Na entrada do Leblanc estavam Ann, usando uma saia escura e meia-calça
junto com um casaco leve e na bolsa que ela trazia a tiracolo, um gato preto,
com algumas manchas brancas e uma gravata. Ambos olhavam para os dois
garotos debruçados próximos um ao outro.
—O que vocês dois estão fazendo? — Ann perguntou com um sorriso maroto
no rosto. Rapidamente os dois se separaram, Akira balbuciou alguma coisa
sobre os Phantom Thieves e apontou para a televisão. Akechi apenas sorriu e
disse:
—Apenas discutindo sobre nossa rivalidade. Não é?

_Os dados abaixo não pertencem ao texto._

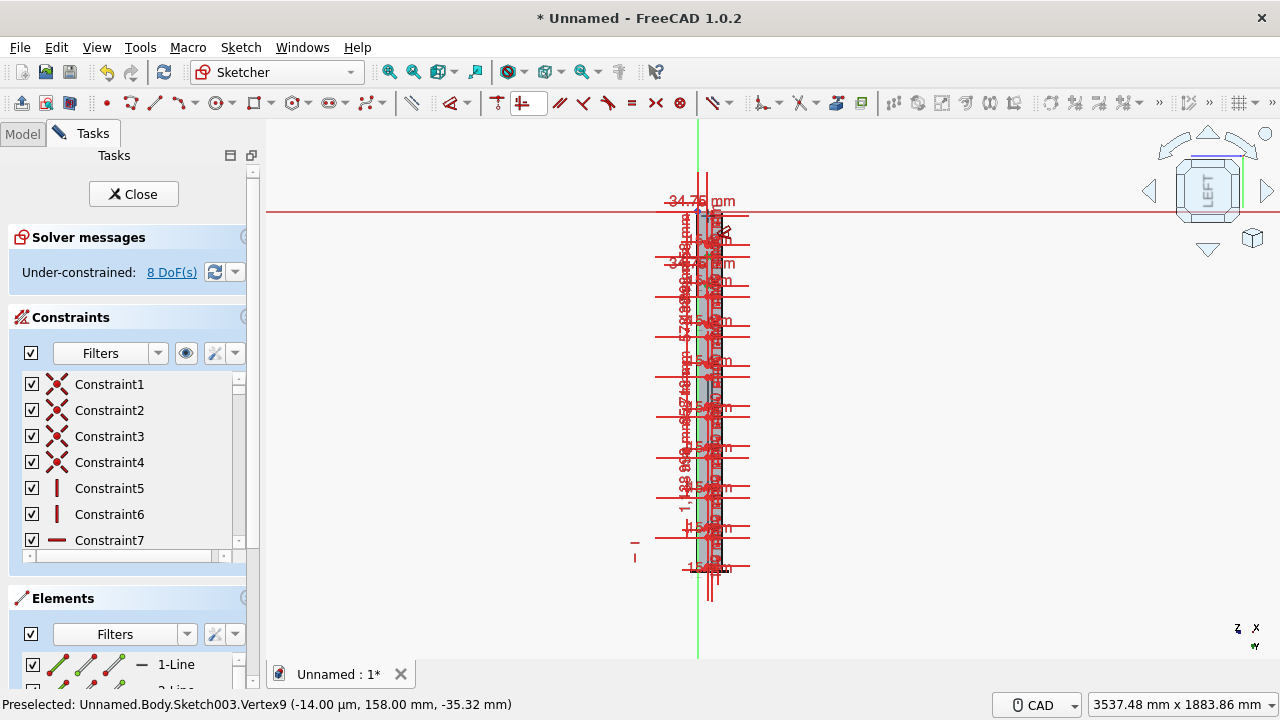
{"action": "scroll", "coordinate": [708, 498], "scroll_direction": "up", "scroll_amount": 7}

Akira sorriu e concordou, mas Ann e Morgana olharam para os dois com
olhos enfastiados. A garota acabou falando:
—Sério? Ainda com essa coisa de melhores rivais?
Goro e Akira disfarçaram um leve rubor, o jovem detetive tirou alguns yens do
bolso e pagou pelos cafés. Depois fingiu limpar garganta e tentou parecer
polido e formal:
—Bom, Kurusu, obrigado pelo café. Ótimo como sempre. Ah, acho que
discutimos tudo que precisávamos sobre o plano. Então... nos vemos...
—Nos vemos por aí. — Akira completou rapidamente.
Goro fez uma rápida reverencia a eles e se despediu de Morgana e Ann
saindo para o ar frio do ambiente externo. Ann se sentou ao balcão e pediu um
espresso. Morgana saltou da bolsa e se colocou ao lado da garota. A jovem
modelo apoiou o cotovelo no balcão e o queixo sobre a mão e afinando os
olhos e um sorriso perguntou:
—Quem tomou a iniciativa no beijo? — A pergunta fez Akira derrubar o café e
quase queimar a mão. Quando olhou para eles, ambos estavam sorrindo.
As ruas estavam desertas como sempre eram nesse horário em Yogen-Jaya.
Ele olhou uma última vez para o Leblanc e sentiu o cheiro do café amadeirado.
À medida que se distanciava, o odor ficava mais longe na memória, assim
como a imagem das mechas negras que dançavam como a fumaça do
espresso. Goro se permitiu tocar de leve os lábios e sorrir.